Look below for the line holding "table_cell € 6.392.028,99" and the line holding "table_cell per leerling SO <8". Transcribe exactly those lines and all lines between them, nothing more.

_Items listed in a dataset_
"""
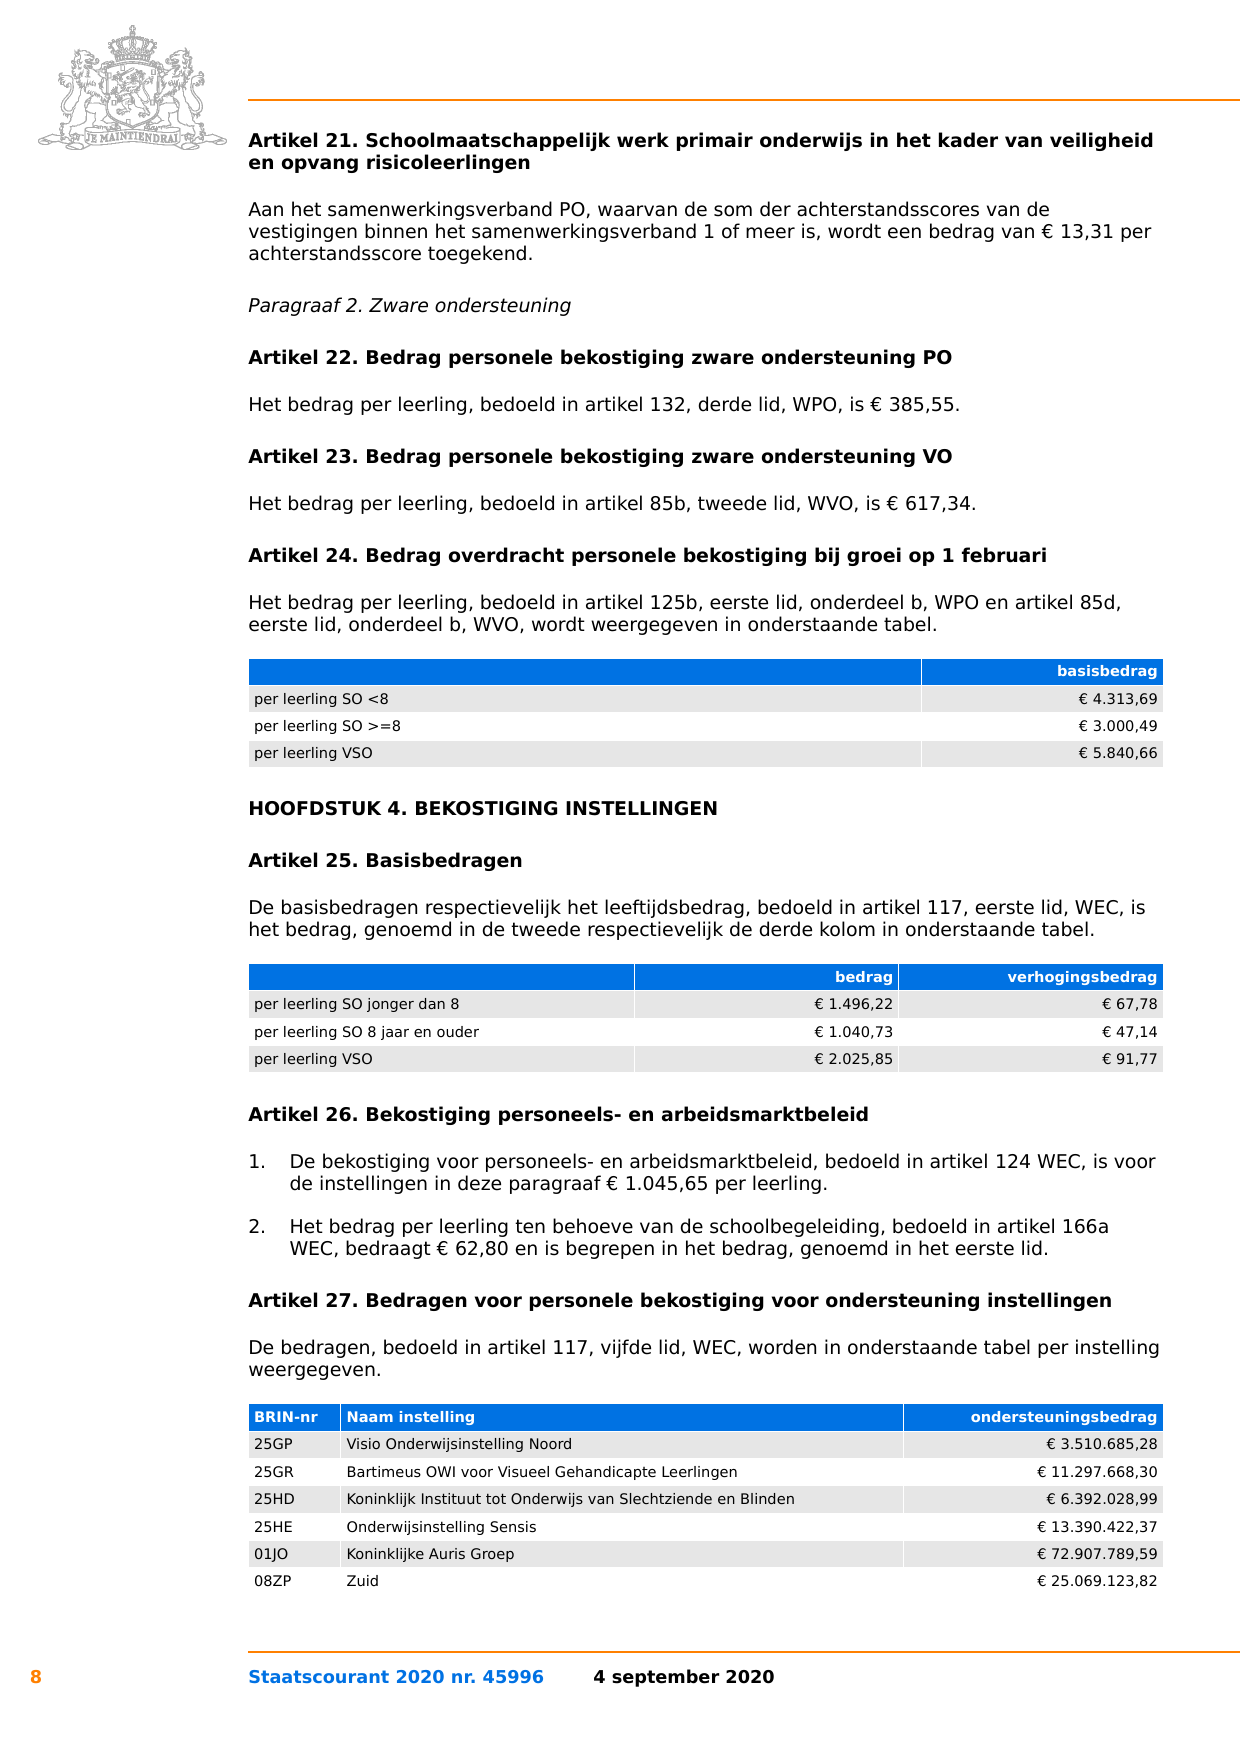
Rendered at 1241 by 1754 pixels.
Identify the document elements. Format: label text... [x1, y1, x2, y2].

table_cell € 3.000,49 [922, 713, 1163, 740]
table_cell € 91,77 [899, 1046, 1163, 1072]
subtitle Artikel 27. Bedragen voor personele bekostiging voor ondersteuning instellingen [248, 1290, 1163, 1312]
table_cell Zuid [341, 1569, 903, 1595]
text Het bedrag per leerling, bedoeld in artikel 125b, eerste lid, onderdeel b, WPO en artikel 85d, eerste lid, onderdeel b, WVO, wordt weergegeven in onderstaande tabel. [248, 592, 1163, 636]
table_header bedrag [635, 964, 898, 990]
table_header BRIN-nr [249, 1404, 340, 1431]
table_cell per leerling SO 8 jaar en ouder [249, 1019, 634, 1045]
picture [38, 25, 227, 150]
table_header basisbedrag [922, 659, 1163, 685]
table_header [249, 964, 634, 990]
table_cell 25HD [249, 1486, 340, 1513]
table_cell € 6.392.028,99 [904, 1486, 1163, 1513]
subtitle Artikel 26. Bekostiging personeels- en arbeidsmarktbeleid [248, 1103, 1163, 1126]
table_cell per leerling SO jonger dan 8 [249, 991, 634, 1018]
table_cell € 2.025,85 [635, 1046, 898, 1072]
subtitle Artikel 23. Bedrag personele bekostiging zware ondersteuning VO [248, 446, 1163, 468]
table_header ondersteuningsbedrag [904, 1404, 1163, 1431]
table_cell per leerling SO <8 [249, 686, 921, 712]
text 1. De bekostiging voor personeels- en arbeidsmarktbeleid, bedoeld in artikel 124 WEC, is voor de instellingen in deze paragraaf € 1.045,65 per leerling. [248, 1151, 1163, 1194]
table_cell Onderwijsinstelling Sensis [341, 1514, 903, 1540]
table_cell Visio Onderwijsinstelling Noord [341, 1432, 903, 1458]
table_cell Koninklijke Auris Groep [341, 1541, 903, 1567]
table_cell € 5.840,66 [922, 741, 1163, 767]
subtitle HOOFDSTUK 4. BEKOSTIGING INSTELLINGEN [248, 798, 1163, 820]
text 2. Het bedrag per leerling ten behoeve van de schoolbegeleiding, bedoeld in artikel 166a WEC, bedraagt € 62,80 en is begrepen in het bedrag, genoemd in het eerste lid. [248, 1216, 1163, 1260]
table_header verhogingsbedrag [899, 964, 1163, 990]
table_cell 08ZP [249, 1569, 340, 1595]
table_cell € 1.496,22 [635, 991, 898, 1018]
table_cell 01JO [249, 1541, 340, 1567]
table_cell € 47,14 [899, 1019, 1163, 1045]
table_cell € 13.390.422,37 [904, 1514, 1163, 1540]
table_cell € 4.313,69 [922, 686, 1163, 712]
table_cell € 3.510.685,28 [904, 1432, 1163, 1458]
subtitle Artikel 21. Schoolmaatschappelijk werk primair onderwijs in het kader van veiligheid en opvang risicoleerlingen [248, 130, 1163, 174]
subtitle Artikel 22. Bedrag personele bekostiging zware ondersteuning PO [248, 347, 1163, 369]
subtitle Paragraaf 2. Zware ondersteuning [248, 295, 1163, 317]
table_header [249, 659, 921, 685]
table_cell 25HE [249, 1514, 340, 1540]
table_cell 25GP [249, 1432, 340, 1458]
table_cell € 11.297.668,30 [904, 1459, 1163, 1485]
table_cell per leerling VSO [249, 741, 921, 767]
table_cell 25GR [249, 1459, 340, 1485]
table_cell € 1.040,73 [635, 1019, 898, 1045]
subtitle Artikel 24. Bedrag overdracht personele bekostiging bij groei op 1 februari [248, 545, 1163, 567]
table_cell € 25.069.123,82 [904, 1569, 1163, 1595]
subtitle Artikel 25. Basisbedragen [248, 850, 1163, 872]
table_cell € 67,78 [899, 991, 1163, 1018]
text Aan het samenwerkingsverband PO, waarvan de som der achterstandsscores van de vestigingen binnen het samenwerkingsverband 1 of meer is, wordt een bedrag van € 13,31 per achterstandsscore toegekend. [248, 199, 1163, 265]
table_cell Koninklijk Instituut tot Onderwijs van Slechtziende en Blinden [341, 1486, 903, 1513]
text De basisbedragen respectievelijk het leeftijdsbedrag, bedoeld in artikel 117, eerste lid, WEC, is het bedrag, genoemd in de tweede respectievelijk de derde kolom in onderstaande tabel. [248, 897, 1163, 941]
text Het bedrag per leerling, bedoeld in artikel 85b, tweede lid, WVO, is € 617,34. [248, 493, 1163, 515]
table_cell Bartimeus OWI voor Visueel Gehandicapte Leerlingen [341, 1459, 903, 1485]
table_cell € 72.907.789,59 [904, 1541, 1163, 1567]
table_cell per leerling VSO [249, 1046, 634, 1072]
text De bedragen, bedoeld in artikel 117, vijfde lid, WEC, worden in onderstaande tabel per instelling weergegeven. [248, 1337, 1163, 1381]
table_header Naam instelling [341, 1404, 903, 1431]
text Het bedrag per leerling, bedoeld in artikel 132, derde lid, WPO, is € 385,55. [248, 394, 1163, 416]
table_cell per leerling SO >=8 [249, 713, 921, 740]
"""
_WRITTEN SOLUTION_
table_cell € 6.392.028,99 [904, 1486, 1163, 1513]
subtitle Artikel 26. Bekostiging personeels- en arbeidsmarktbeleid [248, 1103, 1163, 1126]
table_cell per leerling SO jonger dan 8 [249, 991, 634, 1018]
table_cell € 2.025,85 [635, 1046, 898, 1072]
subtitle Artikel 23. Bedrag personele bekostiging zware ondersteuning VO [248, 446, 1163, 468]
table_header ondersteuningsbedrag [904, 1404, 1163, 1431]
table_cell per leerling SO <8 [249, 686, 921, 712]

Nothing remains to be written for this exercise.